Se construir uma equipa para a próxima época é algo em que acredito, a conquista do 3º lugar no campeonato deixou de ser uma realidade com esta derrota em Braga.

Muitas críticas e gozos já se têm urdido contra o Sporting – o mais fraco dos grandes, o eterno 3º, o 1º dos pequenos, o 4º grande. Todas elas vem de pessoas que se assemelham a cobras: urdem os gozos nos seus mais profundos covis, sem respeito por pessoas que dedicam a sua vida, a sua actividade profissional ou até os seus tempos de lazer a uma instituição que é secular e que presta utilidade pública a milhares de jovens neste país.

Dou-vos um exemplo bem pessoal: quando eu era miúdo, passei a minha infância e a minha adolescência sem ver o Sporting campeão (só vi pela primeira vez poucos dias antes de completar 13 anos) – os meus colegas portistas que viam o Porto de Jardel a erguer titulo sobre titulo e os meus colegas benfiquistas (que também nunca tinham visto nada como eu) passavam a vida a gozar-me por ser o único da turma que era do Sporting.

Até que em 1999\2000 o Sporting foi campeão e o Benfica durante essa altura passou 2 épocas sem ir às competições europeias, levou 7 em Vigo de um tal de Celta, esteve à beira da falência, promoveu uma acção de misericórdia e caridade intitulada de “Operação Coração” para sobreviver, teve um dos seus mais marcantes jogadores (João Pinto) a sair a custo zero para o rival e teve um presidente corrupto como João Vale e Azevedo – em todos esses episódios poderia ter uma postura cínica como a que os meus colegas de turma tinham comigo e ter tirado partido da situação. Não, apenas me limitei a continuar a torcer pelo Sporting e a dizer a alguns benfiquistas que um dia as coisas iriam melhorar para o seu clube.

É certo que o Sporting volta a capotar. Saídos de 2 épocas claramente miseráveis pensavamos claramente que esta poderia ser a época de turning point. Pensamos mal, a não ser que algo de extraordinário venha a acontecer nas 4 frentes em que o Sporting ainda está envolvido. Saímos da luta pelos 2 primeiros lugares no campeonato com uma derrota em Braga que denotou mais uma vez fragilidades e tonterias defensivas, jogo a passo, falta de criatividade, um João Pereira fraquíssimo, demora na finalização, perda de domínio no meio-campo a meio do jogo e muito nervosisimo\intranquilidade.

Desde o jogo da Luz, que este Sporting não está muito longe do Sporting de Paulo Sérgio, de Carvalhal e de Couceiro. Está uma lástima portanto…

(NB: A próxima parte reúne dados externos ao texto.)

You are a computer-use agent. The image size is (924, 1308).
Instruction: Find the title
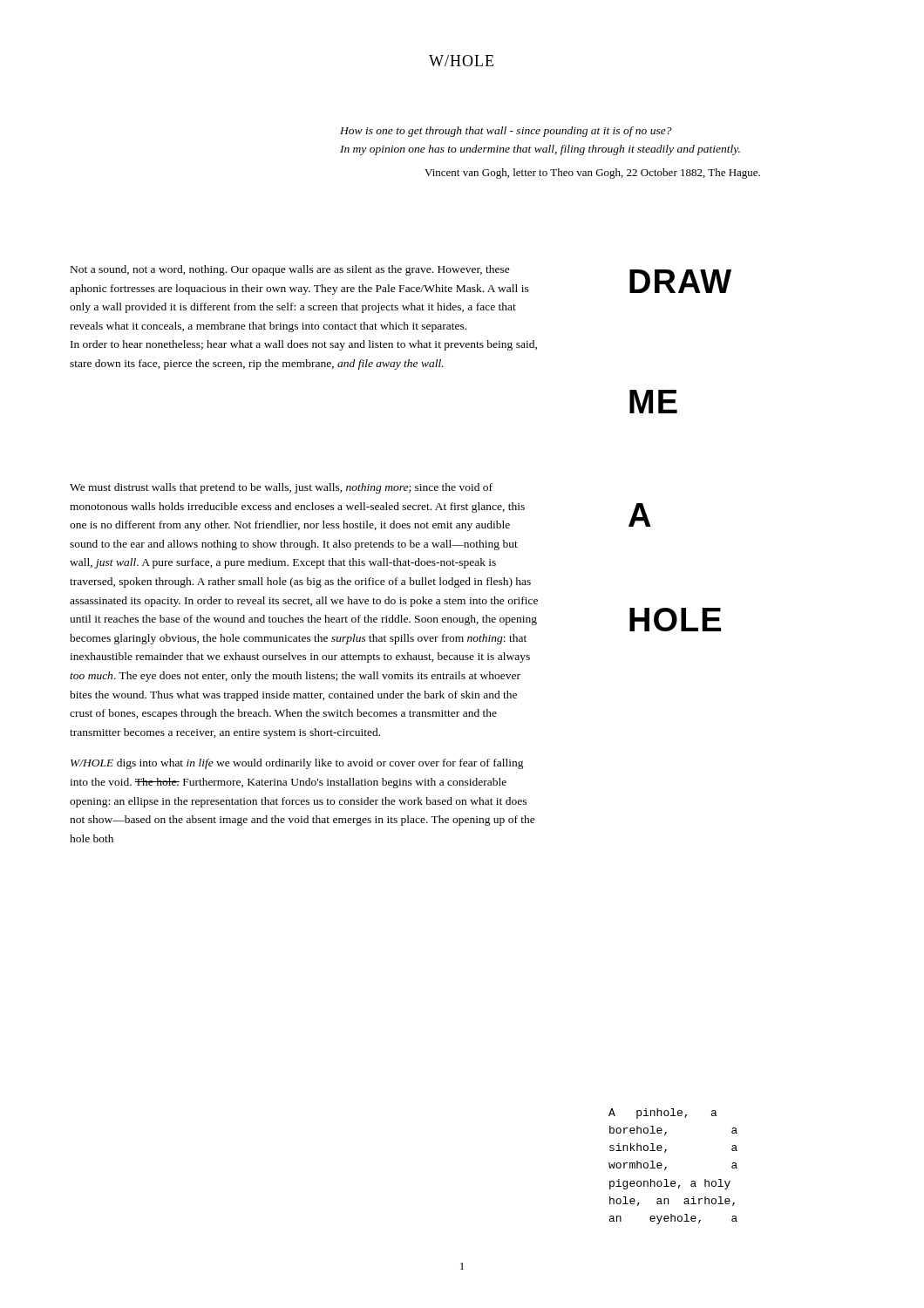point(462,61)

O problema deste clube é que treinadores passam, jogadores passam, passam presidentes, funcionários, sócios e adeptos mas a filosofia continua a mesma: falta de ambição, falta de investimento, erros sobre erros na prospecção de reforços e consequentes contratações. E os velhos do resto como esse tal de Dr. Eduardo Barroso e como esse tal de Jorge Gabriel continuam a ser enviados para programas de televisão e para os jornais para dizerem as mais profundas bacoradas sobre futebol e prejudicar a alma de um clube que por si já é atormentada.

Começo a desconfiar que o Sporting precisa urgentemente de mudar de objectivos e de estratégias. Se a gastar pouco não vai lá e a gastar 20 milhões acaba também por não ir lá mais vale não se assumir como candidato a nada e jogar com jogadores formados nas suas escolas. Mas esta é apenas a minha perspectiva – a perspectiva de um sportinguista mais que apaixonado.